Diagnosis: llama-swap process crashed or model failed to load
Solutions:
# Check llama-swap container status
docker compose logs llama-swap -n 100
# Look for error messages, stack traces
# Restart the service
docker compose restart llama-swap
# Monitor startup
docker compose logs llama-swap -f
Scenario 5: Slow Vision Analysis When AMD is Primary
Diagnosis: Both GPUs under load, NVIDIA performance degraded
Expected Behavior: This is normal. Both GPUs are working simultaneously.
If Unacceptably Slow:
- Check if text requests are blocking vision requests
- Verify GPU memory allocation
- Consider processing images sequentially instead of parallel
Log Analysis Tips
Enable Detailed Vision Logging
# Watch only vision-related logs
docker compose logs miku-bot -f 2>&1 | grep -i vision
# Watch with timestamps
docker compose logs miku-bot -f 2>&1 | grep -i vision | grep -E "ERROR|WARNING|INFO"

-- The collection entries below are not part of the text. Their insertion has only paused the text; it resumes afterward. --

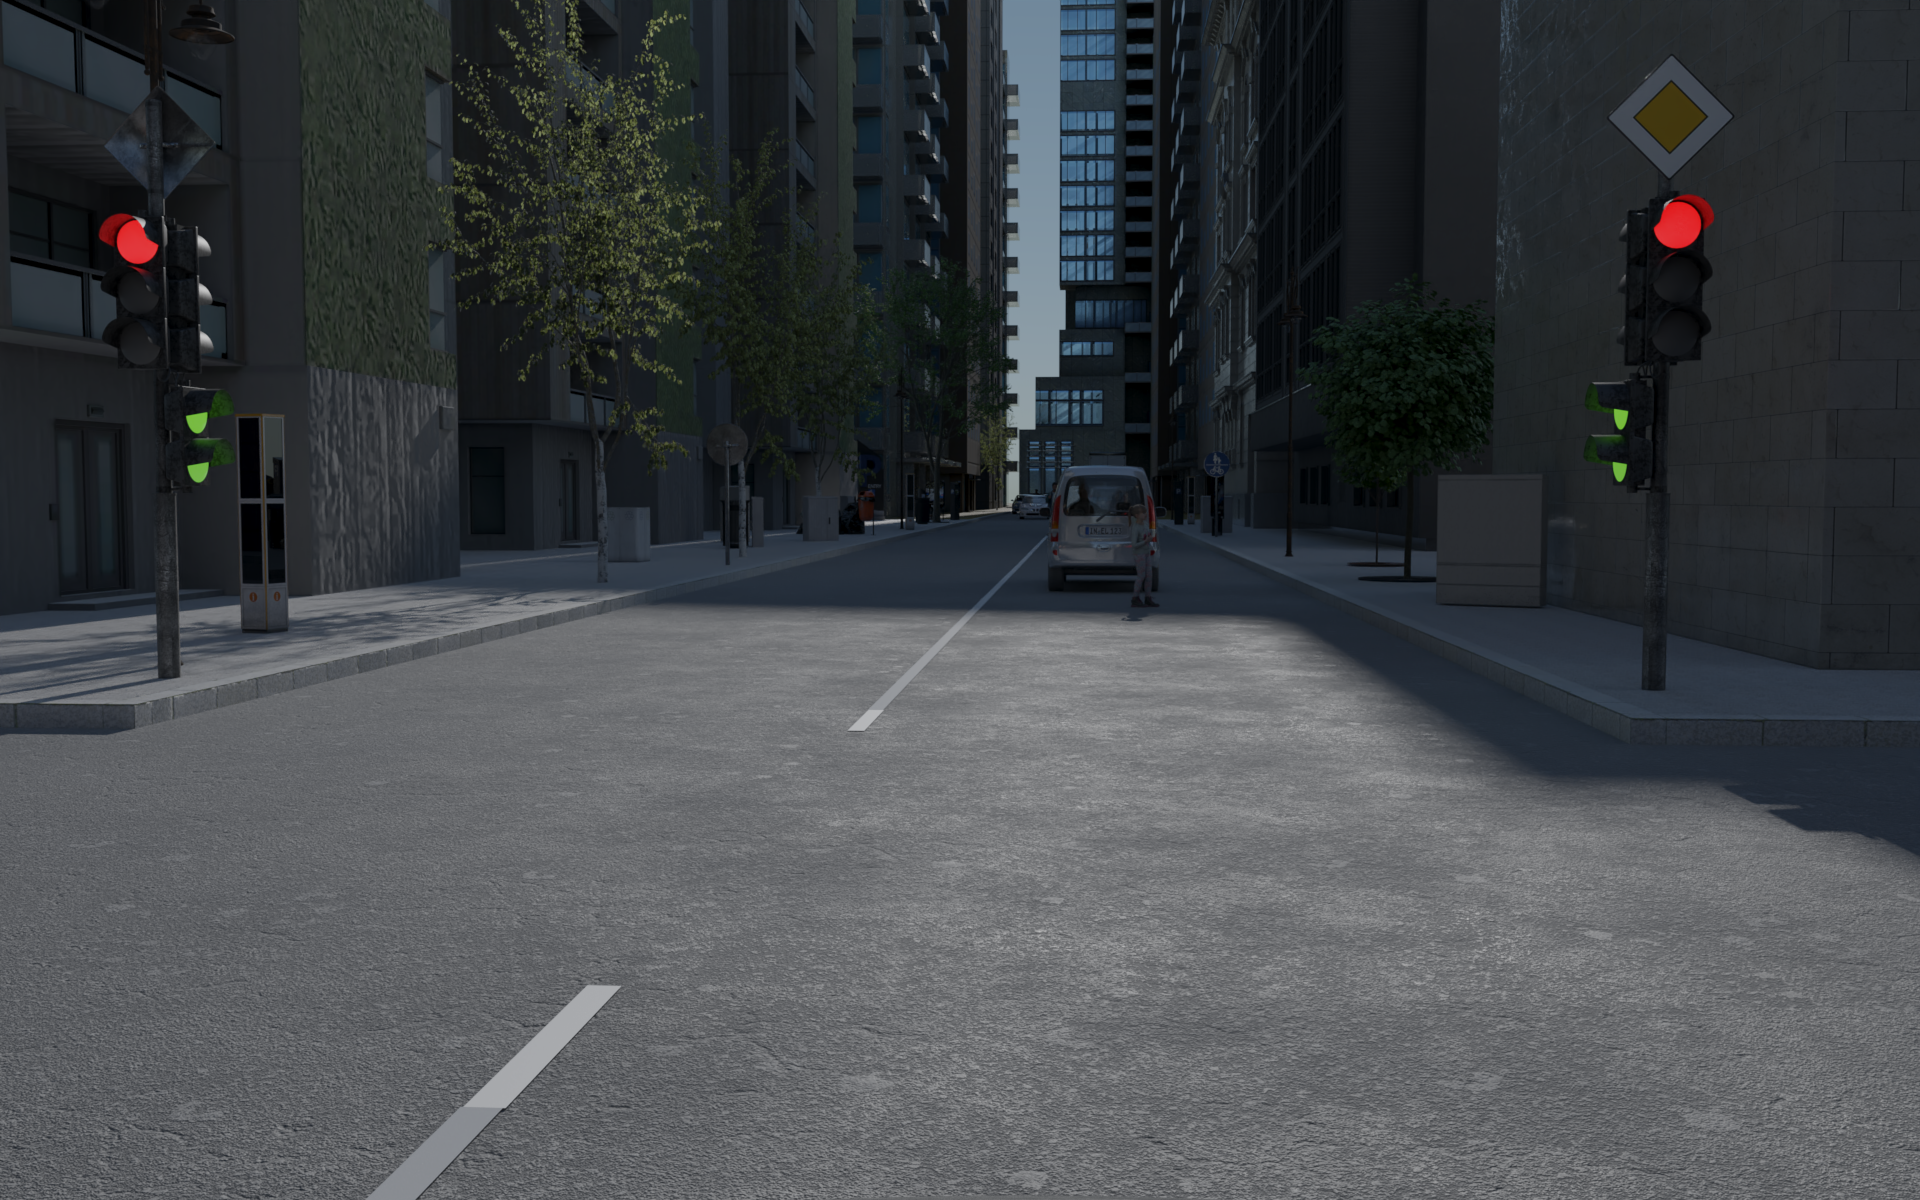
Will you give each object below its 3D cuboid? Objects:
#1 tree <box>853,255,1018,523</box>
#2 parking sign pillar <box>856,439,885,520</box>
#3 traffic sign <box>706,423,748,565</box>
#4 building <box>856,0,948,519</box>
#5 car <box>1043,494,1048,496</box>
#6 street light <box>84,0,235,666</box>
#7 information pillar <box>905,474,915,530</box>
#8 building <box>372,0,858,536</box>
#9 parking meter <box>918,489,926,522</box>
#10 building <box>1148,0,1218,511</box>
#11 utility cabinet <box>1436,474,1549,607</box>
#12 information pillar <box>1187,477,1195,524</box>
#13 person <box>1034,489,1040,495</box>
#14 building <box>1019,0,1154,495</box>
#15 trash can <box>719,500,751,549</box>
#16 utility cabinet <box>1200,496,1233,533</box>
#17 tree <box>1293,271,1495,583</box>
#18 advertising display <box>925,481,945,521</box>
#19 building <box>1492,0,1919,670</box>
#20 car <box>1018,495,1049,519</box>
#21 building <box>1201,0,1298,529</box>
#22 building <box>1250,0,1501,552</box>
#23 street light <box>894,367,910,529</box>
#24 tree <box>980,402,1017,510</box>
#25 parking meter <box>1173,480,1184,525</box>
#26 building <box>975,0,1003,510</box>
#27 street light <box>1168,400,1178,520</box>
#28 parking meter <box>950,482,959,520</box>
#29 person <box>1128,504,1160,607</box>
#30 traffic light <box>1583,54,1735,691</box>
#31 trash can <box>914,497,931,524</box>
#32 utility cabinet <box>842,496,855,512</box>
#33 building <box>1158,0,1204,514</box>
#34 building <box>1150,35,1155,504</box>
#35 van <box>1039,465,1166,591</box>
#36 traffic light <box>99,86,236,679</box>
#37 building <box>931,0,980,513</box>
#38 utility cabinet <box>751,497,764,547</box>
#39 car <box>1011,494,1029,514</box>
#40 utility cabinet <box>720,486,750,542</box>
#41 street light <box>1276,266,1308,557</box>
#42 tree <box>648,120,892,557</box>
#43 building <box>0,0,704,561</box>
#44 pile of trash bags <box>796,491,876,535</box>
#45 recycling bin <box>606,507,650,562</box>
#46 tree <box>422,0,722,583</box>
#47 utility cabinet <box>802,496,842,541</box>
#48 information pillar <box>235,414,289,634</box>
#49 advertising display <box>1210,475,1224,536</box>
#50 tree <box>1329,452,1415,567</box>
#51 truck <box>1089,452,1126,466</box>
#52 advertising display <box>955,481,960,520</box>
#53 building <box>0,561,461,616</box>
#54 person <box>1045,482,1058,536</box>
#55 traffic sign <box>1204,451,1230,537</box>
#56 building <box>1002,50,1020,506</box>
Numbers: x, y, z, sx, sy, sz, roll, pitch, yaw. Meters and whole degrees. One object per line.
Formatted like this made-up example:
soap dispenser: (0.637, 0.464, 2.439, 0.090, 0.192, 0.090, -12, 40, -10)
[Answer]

Check GPU Health During Vision Request
In one terminal:
# Monitor NVIDIA GPU while processing
watch -n 1 nvidia-smi
In another:
# Send image to bot that triggers vision
# Then watch GPU usage spike in first terminal
Monitor Both GPUs Simultaneously
# Terminal 1: NVIDIA
watch -n 1 nvidia-smi
# Terminal 2: AMD
watch -n 1 rocm-smi
# Terminal 3: Logs
docker compose logs miku-bot -f 2>&1 | grep -E "ERROR|vision"
Emergency Fixes
If Vision Completely Broken
# Full restart of all GPU services
docker compose down
docker compose up -d llama-swap llama-swap-amd
docker compose restart miku-bot
# Wait for services to start (30-60 seconds)
sleep 30
# Test health
curl http://llama-swap:8080/health
curl http://llama-swap-amd:8080/health
Force NVIDIA GPU Vision
If you want to guarantee vision always works, even if NVIDIA has issues:
# In bot/utils/llm.py, comment out health check in image_handling.py
# (Not recommended, but allows requests to continue)

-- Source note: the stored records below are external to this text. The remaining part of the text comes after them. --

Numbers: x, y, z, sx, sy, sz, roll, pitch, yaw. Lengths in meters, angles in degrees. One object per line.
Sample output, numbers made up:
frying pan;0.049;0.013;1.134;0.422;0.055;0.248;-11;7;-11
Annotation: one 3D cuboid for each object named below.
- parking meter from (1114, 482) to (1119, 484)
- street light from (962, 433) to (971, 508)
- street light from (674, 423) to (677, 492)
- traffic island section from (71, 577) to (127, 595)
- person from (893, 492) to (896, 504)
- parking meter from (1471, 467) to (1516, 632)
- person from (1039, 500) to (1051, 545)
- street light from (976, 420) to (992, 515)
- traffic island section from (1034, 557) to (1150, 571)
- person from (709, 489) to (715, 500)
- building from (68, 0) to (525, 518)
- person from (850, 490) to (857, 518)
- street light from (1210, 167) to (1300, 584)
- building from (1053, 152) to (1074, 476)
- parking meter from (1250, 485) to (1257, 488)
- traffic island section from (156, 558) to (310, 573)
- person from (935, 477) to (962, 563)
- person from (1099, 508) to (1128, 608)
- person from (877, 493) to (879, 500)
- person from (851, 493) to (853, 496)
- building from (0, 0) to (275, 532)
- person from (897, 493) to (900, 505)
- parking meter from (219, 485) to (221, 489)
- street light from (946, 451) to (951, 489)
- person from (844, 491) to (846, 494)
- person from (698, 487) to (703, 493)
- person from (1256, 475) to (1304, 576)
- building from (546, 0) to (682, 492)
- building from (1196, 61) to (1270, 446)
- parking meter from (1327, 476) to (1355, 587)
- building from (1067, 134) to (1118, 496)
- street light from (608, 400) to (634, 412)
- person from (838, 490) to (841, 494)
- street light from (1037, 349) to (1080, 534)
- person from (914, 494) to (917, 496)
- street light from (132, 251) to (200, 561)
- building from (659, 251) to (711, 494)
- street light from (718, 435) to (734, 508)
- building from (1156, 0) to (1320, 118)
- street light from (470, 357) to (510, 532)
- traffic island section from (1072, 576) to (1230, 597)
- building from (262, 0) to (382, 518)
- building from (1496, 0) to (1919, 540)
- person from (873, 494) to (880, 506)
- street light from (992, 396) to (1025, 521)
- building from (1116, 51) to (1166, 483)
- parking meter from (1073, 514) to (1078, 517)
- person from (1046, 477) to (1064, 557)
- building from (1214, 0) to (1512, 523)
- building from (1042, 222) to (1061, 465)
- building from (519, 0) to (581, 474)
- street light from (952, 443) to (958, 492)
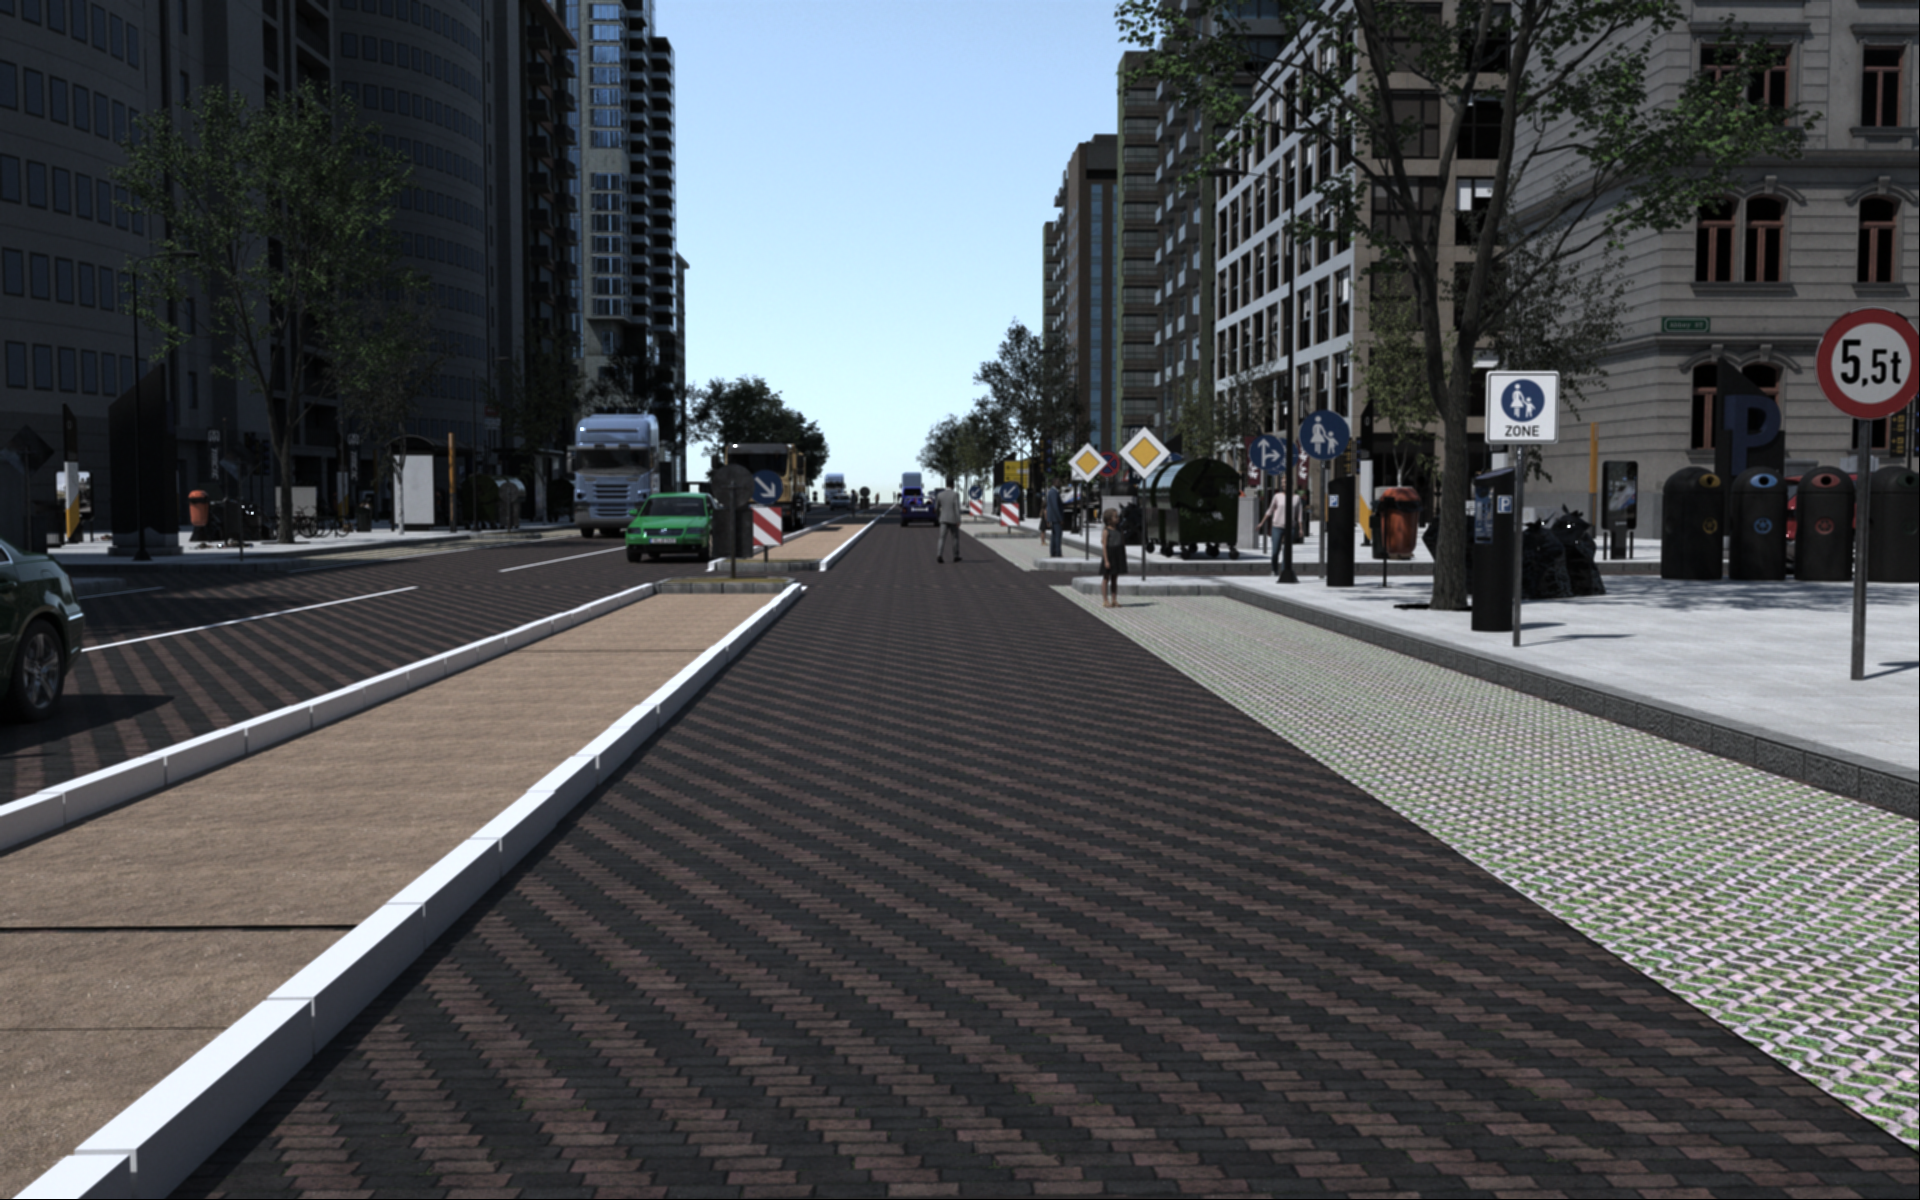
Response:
parking meter;7.289;-4.544;80.012;0.399;1.863;0.255;1;4;12
street light;0.929;-9.785;132.527;1.470;5.913;1.316;0;4;-2
street light;-17.465;-8.374;109.463;1.470;5.913;1.316;0;4;-2
traffic island section;-13.501;-0.173;25.110;2.009;0.180;2.903;0;4;-2
person;-9.290;-14.580;247.704;0.721;1.723;1.217;0;4;-4
parking meter;4.999;-0.478;16.229;0.372;1.533;0.369;0;3;0
person;2.376;-2.140;48.164;0.373;1.253;0.362;-1;4;-10
street light;1.585;-8.283;107.966;1.470;5.913;1.316;0;4;-2
traffic island section;2.487;-0.691;33.584;2.009;0.180;2.903;0;4;-2
person;-15.804;-6.245;110.572;1.348;1.831;0.705;3;4;39
building;-44.215;-35.375;120.381;21.231;58.520;28.212;0;4;-2
person;-6.332;-5.702;102.726;0.522;1.701;0.512;-2;4;-28
street light;4.194;-3.197;24.810;1.470;5.913;1.316;0;4;-2
building;24.585;-37.863;238.661;23.786;49.044;30.456;0;4;-2
parking meter;14.268;-4.790;84.032;0.255;1.863;0.399;2;4;34
traffic island section;-13.746;-0.661;33.092;2.009;0.180;2.903;0;4;-2
person;-0.242;-1.678;36.211;0.678;1.792;0.850;2;4;24
person;1.947;-0.528;21.806;0.362;1.253;0.373;-2;4;-31
person;-11.255;-13.985;238.616;0.415;1.643;0.593;-1;4;-20
person;-11.858;-11.325;193.534;0.599;1.838;0.709;-2;4;-23
building;-40.436;-31.725;60.709;21.231;58.520;28.212;0;4;-2
person;-8.309;-13.682;233.674;0.415;1.643;0.593;1;4;22
parking meter;-28.498;-3.703;66.247;0.399;1.863;0.255;-2;4;-35
street light;-0.798;-12.984;184.827;1.470;5.913;1.316;0;4;-2
person;-13.677;-12.102;206.347;0.705;1.826;1.348;-2;4;-25
person;-13.354;-4.949;89.761;0.599;1.781;0.374;-1;4;-11
person;5.152;-1.153;28.030;0.731;1.740;0.598;0;4;1
building;-46.967;-55.487;219.882;22.319;86.520;31.000;0;4;-2
building;23.316;-21.271;119.484;14.160;30.474;14.107;0;4;-2
parking meter;5.284;-0.955;24.019;0.372;1.533;0.369;0;3;0
building;20.928;-34.616;216.076;14.600;45.320;14.200;0;4;-2
street light;-16.797;-6.921;85.697;1.470;5.913;1.316;0;4;-2
person;-12.917;-10.802;185.119;0.705;1.824;1.348;2;4;27
street light;3.183;-5.091;55.777;1.470;5.913;1.316;0;4;-2
person;-3.043;-6.372;115.903;0.599;1.433;0.991;-1;4;-17
street light;-15.209;-3.709;33.189;1.470;5.913;1.316;0;4;-2
building;-52.573;-34.073;248.973;32.217;40.220;23.993;0;4;-2
street light;-18.334;-9.959;135.374;1.470;5.913;1.316;0;4;-2
building;28.171;-31.919;141.481;23.786;49.044;30.456;0;4;-2
street light;-15.987;-5.288;58.992;1.470;5.913;1.316;0;4;-2
traffic island section;2.733;-0.203;25.603;2.009;0.180;2.903;0;4;-2
building;-43.283;-40.021;92.601;20.563;71.187;20.611;0;4;-2
building;30.377;-16.327;54.330;23.554;28.519;14.401;0;4;-2
person;-9.761;-11.665;202.485;1.065;1.426;0.557;3;5;40
street light;2.386;-6.705;82.163;1.470;5.913;1.316;0;4;-2
building;21.637;-29.382;163.986;14.154;41.232;14.086;0;4;-2
parking meter;6.464;-5.454;97.582;0.372;1.533;0.369;0;3;0
person;2.075;-1.762;37.490;0.419;1.800;0.721;-1;4;-13
building;26.199;-17.604;92.345;19.350;26.468;34.151;0;4;-2
building;19.315;-35.345;261.478;14.154;41.232;14.086;0;4;-2
building;-45.445;-30.268;149.511;22.147;44.769;28.867;0;4;-2
street light;0.143;-11.363;158.330;1.470;5.913;1.316;0;4;-2

Disable Dual-GPU Mode Temporarily
If AMD GPU is causing issues:
# In docker-compose.yml, stop llama-swap-amd
# Restart bot
# This reverts to single-GPU mode (everything on NVIDIA)
Prevention Measures
1. Monitor GPU Memory
# Setup automated monitoring
watch -n 5 "nvidia-smi --query-gpu=memory.used,memory.free --format=csv,noheader"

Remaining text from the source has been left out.